The potential for killing AML cells using ROS has been reviewed recently [93]. Redox-based treatments of hematological malignancies can be divided into two different approaches: 1) compounds that stimulate the overproduction of ROS; and 2) compounds that compromise the mitochondrial antioxidant system [101]. It is known that many AML treatments and novel compounds with anti-leukemic activities stimulate ROS production, including cytarabine and anthracyclines (the well-known components of induction and consolidation therapy), histone deacetylase inhibitors, such as vorinostat, and the proteasome inhibitor bortezomib [101, 102]. For example, the cytotoxic effects of the anthracycline doxorubicin are linked to the stimulation of the Fenton reaction that generates lethal hydroxyl radicals from superoxide [103]. The Fenton reaction requires the presence of heavy metals such as iron. One side effect of doxorubicin treatment is the preferential accumulation of iron inside of mitochondria [104]. Contrary to anthracyclines, the HDAC inhibitor vorinostat up-regulates ROS generation in leukemic cells by activating NADH oxidases [105]. Furthermore, the combination of vorinostat and PEITC (β-phenylethyl isothiocyanate), depleting antioxidant glutathione, acts synergistically in AML cells via modulating cellular redox status and H2O2 accumulation [105].

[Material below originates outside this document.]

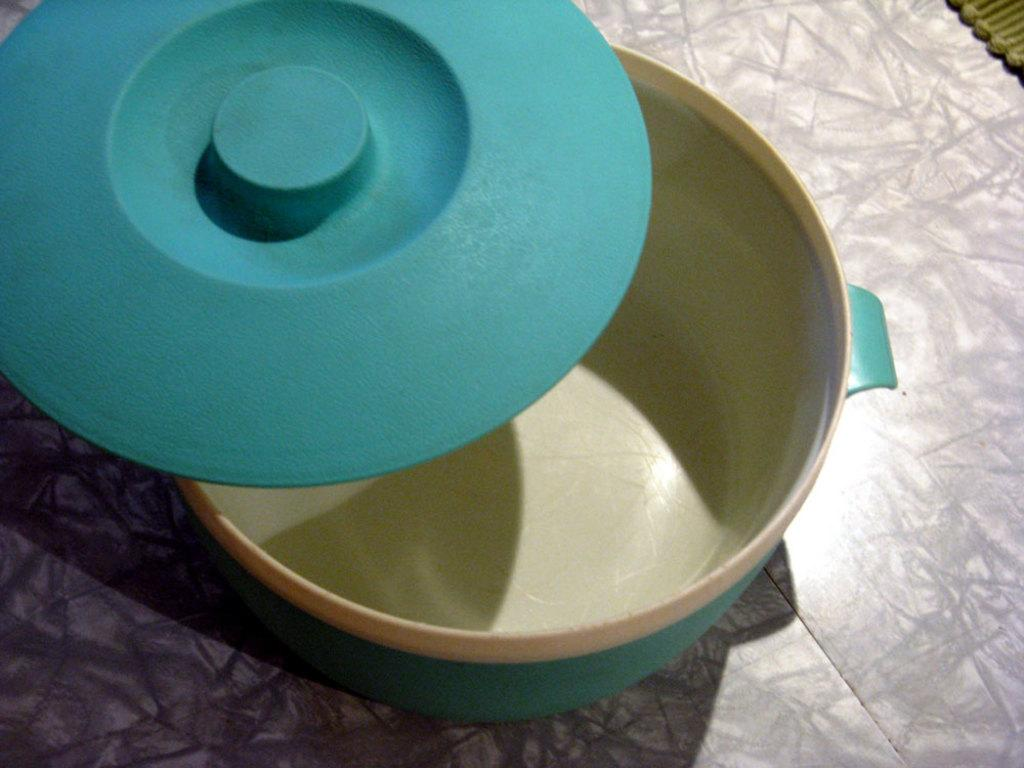What object is present in the image that has a lid? There is a bowl in the image that has a blue lid. What type of bowl is depicted in the image? The bowl resembles a hot box. What part of the room can be seen at the bottom of the image? The floor is visible at the bottom of the image. What type of railway is visible in the image? There is no railway present in the image. Can you describe the design of the bowl's lid in the image? The facts provided do not mention the design of the bowl's lid, only its color (blue).

Arsenic trioxide (ATO) is another interesting example. ATO is a potent ROS inducer and is widely used in combination with all-trans retinoic acid (ATRA) to treat acute promyelocytic leukemia (APL), a subtype of AML [106, 107]. ATRA functions in this combination to stimulate differentiation of promyelocytic blast cells, which then spontaneously undergo apoptosis. ATRA also appears to trigger mitochondrial permeability transition and cell death [31]. ATO has replaced anthracycline antibiotics (e.g., daunorubicin, doxorubicin, etc.) as the choice companion drug to treat APL since it exhibits less severe side effects [108]. The cytotoxic effects of ATO on leukemic cells include oxidative stress induction, depolarization of the mitochondrial membrane, DNA damage, and induction of apoptosis [109]. More specifically, ATO increases superoxide generation in leukemia cells by inhibiting mitochondrial respiration upstream of complex IV [110]. Interestingly, in APL cell lines, increased catalase expression has been shown to correlate with ATO resistance [111]. Although ATO has been shown to work in concert with high-dose ascorbate, killing AML and APL blasts while leaving HSCs intact [112], ATO was not effective at treating non-APL forms of AML [113].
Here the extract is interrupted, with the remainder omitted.